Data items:
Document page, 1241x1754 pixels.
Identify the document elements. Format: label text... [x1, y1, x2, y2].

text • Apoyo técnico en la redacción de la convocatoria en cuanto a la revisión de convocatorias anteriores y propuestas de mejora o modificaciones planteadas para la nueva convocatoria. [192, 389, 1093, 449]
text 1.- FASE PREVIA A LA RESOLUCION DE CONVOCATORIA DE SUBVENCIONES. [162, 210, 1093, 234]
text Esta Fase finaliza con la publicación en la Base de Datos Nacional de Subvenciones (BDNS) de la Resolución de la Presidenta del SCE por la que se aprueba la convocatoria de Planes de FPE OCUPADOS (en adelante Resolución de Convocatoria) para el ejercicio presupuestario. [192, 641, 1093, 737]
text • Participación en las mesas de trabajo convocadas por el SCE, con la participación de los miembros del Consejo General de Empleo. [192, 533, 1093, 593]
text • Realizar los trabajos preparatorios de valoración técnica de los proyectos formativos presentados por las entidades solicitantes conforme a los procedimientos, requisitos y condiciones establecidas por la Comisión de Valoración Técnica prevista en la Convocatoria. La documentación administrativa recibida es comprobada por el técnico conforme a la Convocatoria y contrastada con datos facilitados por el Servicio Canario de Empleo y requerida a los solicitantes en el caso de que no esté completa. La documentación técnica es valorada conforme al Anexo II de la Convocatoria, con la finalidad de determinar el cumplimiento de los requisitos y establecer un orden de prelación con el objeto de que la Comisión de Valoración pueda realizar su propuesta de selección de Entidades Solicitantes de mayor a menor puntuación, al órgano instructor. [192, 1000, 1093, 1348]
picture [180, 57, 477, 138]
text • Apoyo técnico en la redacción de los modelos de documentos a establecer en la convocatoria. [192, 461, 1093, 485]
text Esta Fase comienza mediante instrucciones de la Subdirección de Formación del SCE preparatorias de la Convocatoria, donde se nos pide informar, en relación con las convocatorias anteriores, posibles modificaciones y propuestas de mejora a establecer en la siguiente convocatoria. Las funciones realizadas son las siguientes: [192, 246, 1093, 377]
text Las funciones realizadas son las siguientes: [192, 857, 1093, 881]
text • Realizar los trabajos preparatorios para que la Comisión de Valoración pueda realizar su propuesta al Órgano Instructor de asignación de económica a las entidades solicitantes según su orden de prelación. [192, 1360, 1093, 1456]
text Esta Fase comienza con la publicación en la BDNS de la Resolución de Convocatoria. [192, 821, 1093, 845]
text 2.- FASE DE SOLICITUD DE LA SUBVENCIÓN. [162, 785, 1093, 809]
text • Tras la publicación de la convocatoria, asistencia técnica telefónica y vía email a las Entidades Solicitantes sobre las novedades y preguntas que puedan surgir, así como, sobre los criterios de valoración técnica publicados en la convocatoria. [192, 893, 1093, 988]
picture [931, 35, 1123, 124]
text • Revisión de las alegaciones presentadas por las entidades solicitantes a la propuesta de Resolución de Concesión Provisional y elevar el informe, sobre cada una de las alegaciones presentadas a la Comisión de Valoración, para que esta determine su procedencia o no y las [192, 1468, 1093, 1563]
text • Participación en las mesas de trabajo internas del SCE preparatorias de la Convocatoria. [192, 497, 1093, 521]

--

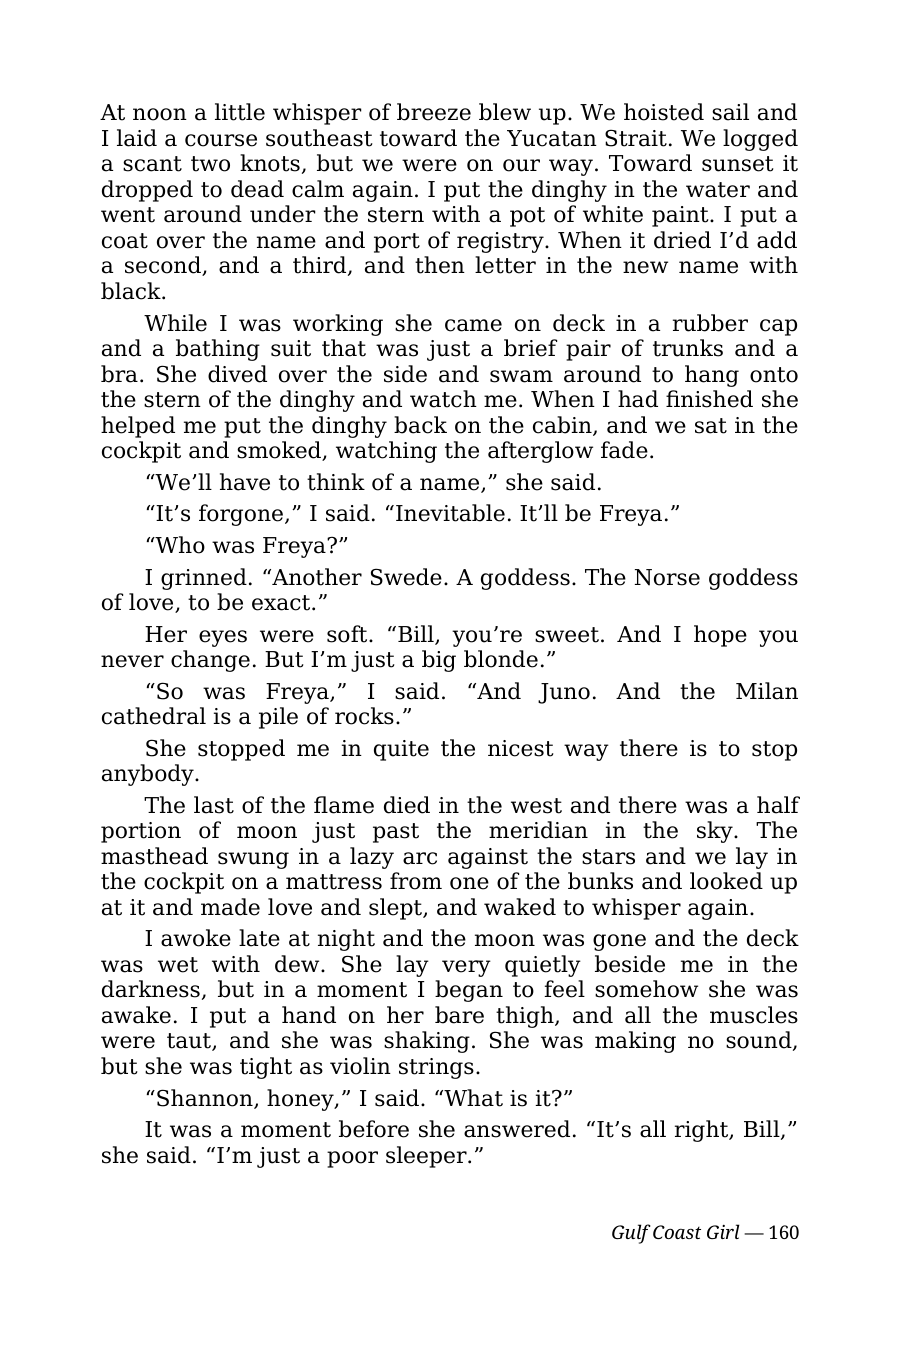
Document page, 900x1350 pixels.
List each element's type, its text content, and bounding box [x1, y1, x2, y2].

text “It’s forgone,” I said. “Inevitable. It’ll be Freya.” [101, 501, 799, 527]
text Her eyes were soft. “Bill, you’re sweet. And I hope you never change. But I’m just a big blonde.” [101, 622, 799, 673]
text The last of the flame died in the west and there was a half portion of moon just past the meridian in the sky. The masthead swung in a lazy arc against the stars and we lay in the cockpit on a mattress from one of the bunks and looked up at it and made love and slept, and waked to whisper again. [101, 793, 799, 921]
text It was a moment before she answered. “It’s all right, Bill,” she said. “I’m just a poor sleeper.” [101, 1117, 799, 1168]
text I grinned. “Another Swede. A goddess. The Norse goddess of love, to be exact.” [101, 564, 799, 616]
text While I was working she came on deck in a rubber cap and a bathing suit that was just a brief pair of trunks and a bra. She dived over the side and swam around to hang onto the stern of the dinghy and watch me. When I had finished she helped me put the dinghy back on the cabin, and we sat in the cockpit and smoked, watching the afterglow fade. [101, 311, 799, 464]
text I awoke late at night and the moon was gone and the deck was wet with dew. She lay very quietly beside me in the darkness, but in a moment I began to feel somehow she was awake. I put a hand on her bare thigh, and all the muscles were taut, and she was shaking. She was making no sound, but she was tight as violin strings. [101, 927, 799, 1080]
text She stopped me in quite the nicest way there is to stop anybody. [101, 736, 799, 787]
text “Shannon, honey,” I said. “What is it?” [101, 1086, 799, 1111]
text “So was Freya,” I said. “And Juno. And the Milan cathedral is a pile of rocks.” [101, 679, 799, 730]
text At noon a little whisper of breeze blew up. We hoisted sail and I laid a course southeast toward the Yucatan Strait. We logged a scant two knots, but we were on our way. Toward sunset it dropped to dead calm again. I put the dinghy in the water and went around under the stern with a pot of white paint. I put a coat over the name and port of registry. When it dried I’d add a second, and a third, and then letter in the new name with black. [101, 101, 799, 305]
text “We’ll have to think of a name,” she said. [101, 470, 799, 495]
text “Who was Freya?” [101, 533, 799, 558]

▶ **Prompt**
From the records above, transcribe without alteration every line from the one with "text Las funciones" to the one with "text • Participación en las mesas de trabajo internas", inclusive.

▶ **Task response**
text Las funciones realizadas son las siguientes: [192, 857, 1093, 881]
text • Realizar los trabajos preparatorios para que la Comisión de Valoración pueda realizar su propuesta al Órgano Instructor de asignación de económica a las entidades solicitantes según su orden de prelación. [192, 1360, 1093, 1456]
text Esta Fase comienza con la publicación en la BDNS de la Resolución de Convocatoria. [192, 821, 1093, 845]
text 2.- FASE DE SOLICITUD DE LA SUBVENCIÓN. [162, 785, 1093, 809]
text • Tras la publicación de la convocatoria, asistencia técnica telefónica y vía email a las Entidades Solicitantes sobre las novedades y preguntas que puedan surgir, así como, sobre los criterios de valoración técnica publicados en la convocatoria. [192, 893, 1093, 988]
picture [931, 35, 1123, 124]
text • Revisión de las alegaciones presentadas por las entidades solicitantes a la propuesta de Resolución de Concesión Provisional y elevar el informe, sobre cada una de las alegaciones presentadas a la Comisión de Valoración, para que esta determine su procedencia o no y las [192, 1468, 1093, 1563]
text • Participación en las mesas de trabajo internas del SCE preparatorias de la Convocatoria. [192, 497, 1093, 521]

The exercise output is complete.